| Information shown |
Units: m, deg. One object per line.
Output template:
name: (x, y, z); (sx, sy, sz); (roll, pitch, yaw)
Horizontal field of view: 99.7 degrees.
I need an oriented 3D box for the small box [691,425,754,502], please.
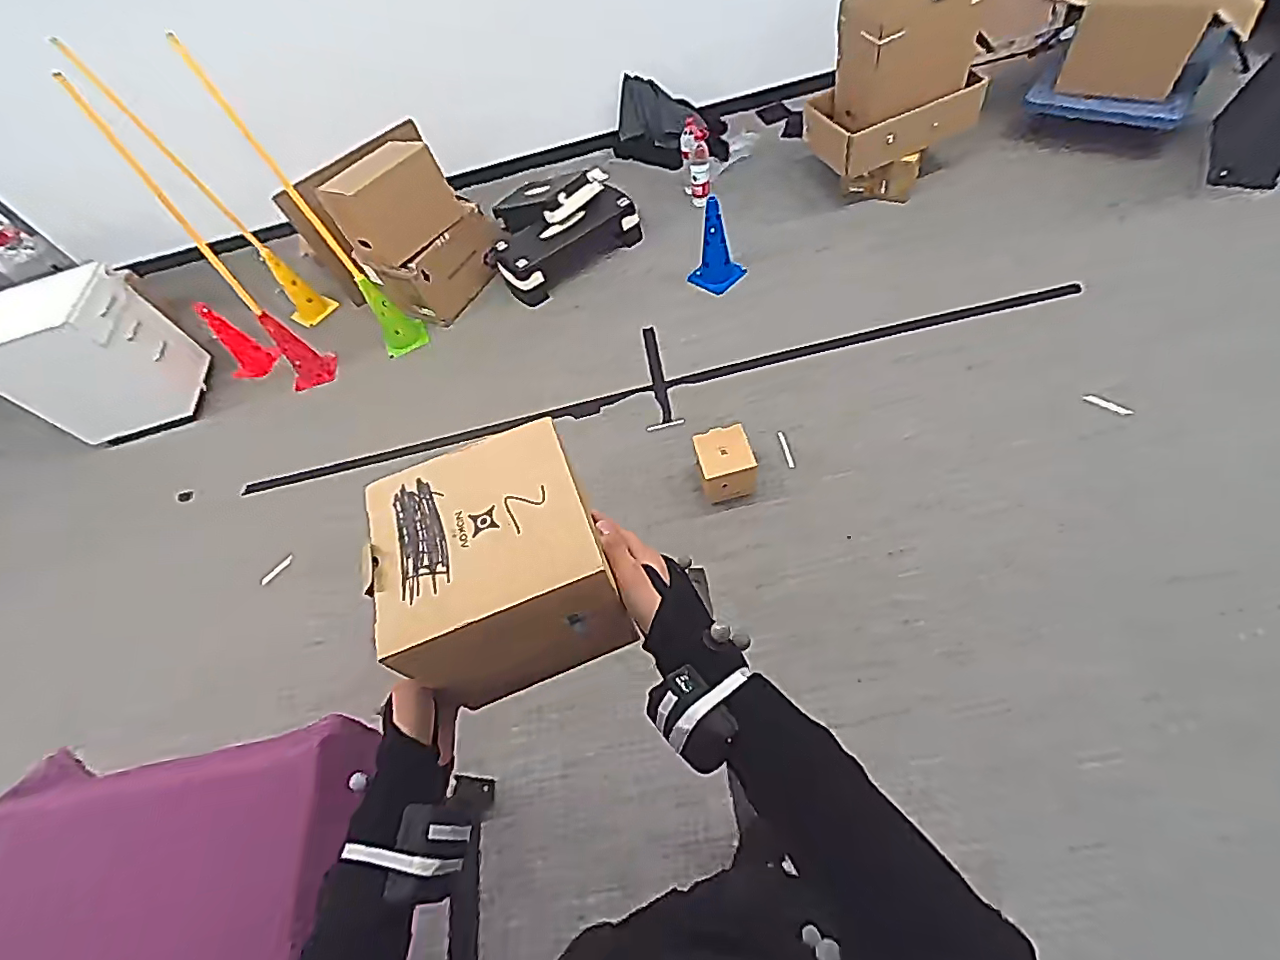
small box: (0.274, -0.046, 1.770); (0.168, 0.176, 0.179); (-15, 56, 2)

| Work order |
Exactly retype each record above, dropping images.

| Answer to the problem |
Units: m, deg. One object per line.
Output template:
name: (x, y, z); (sx, sy, sz); (roll, pitch, yaw)
Horizontal field of view: 99.7 degrees.
I need an oriented 3D box for the small box [691,425,754,502], please.
small box: (0.274, -0.046, 1.770); (0.168, 0.176, 0.179); (-15, 56, 2)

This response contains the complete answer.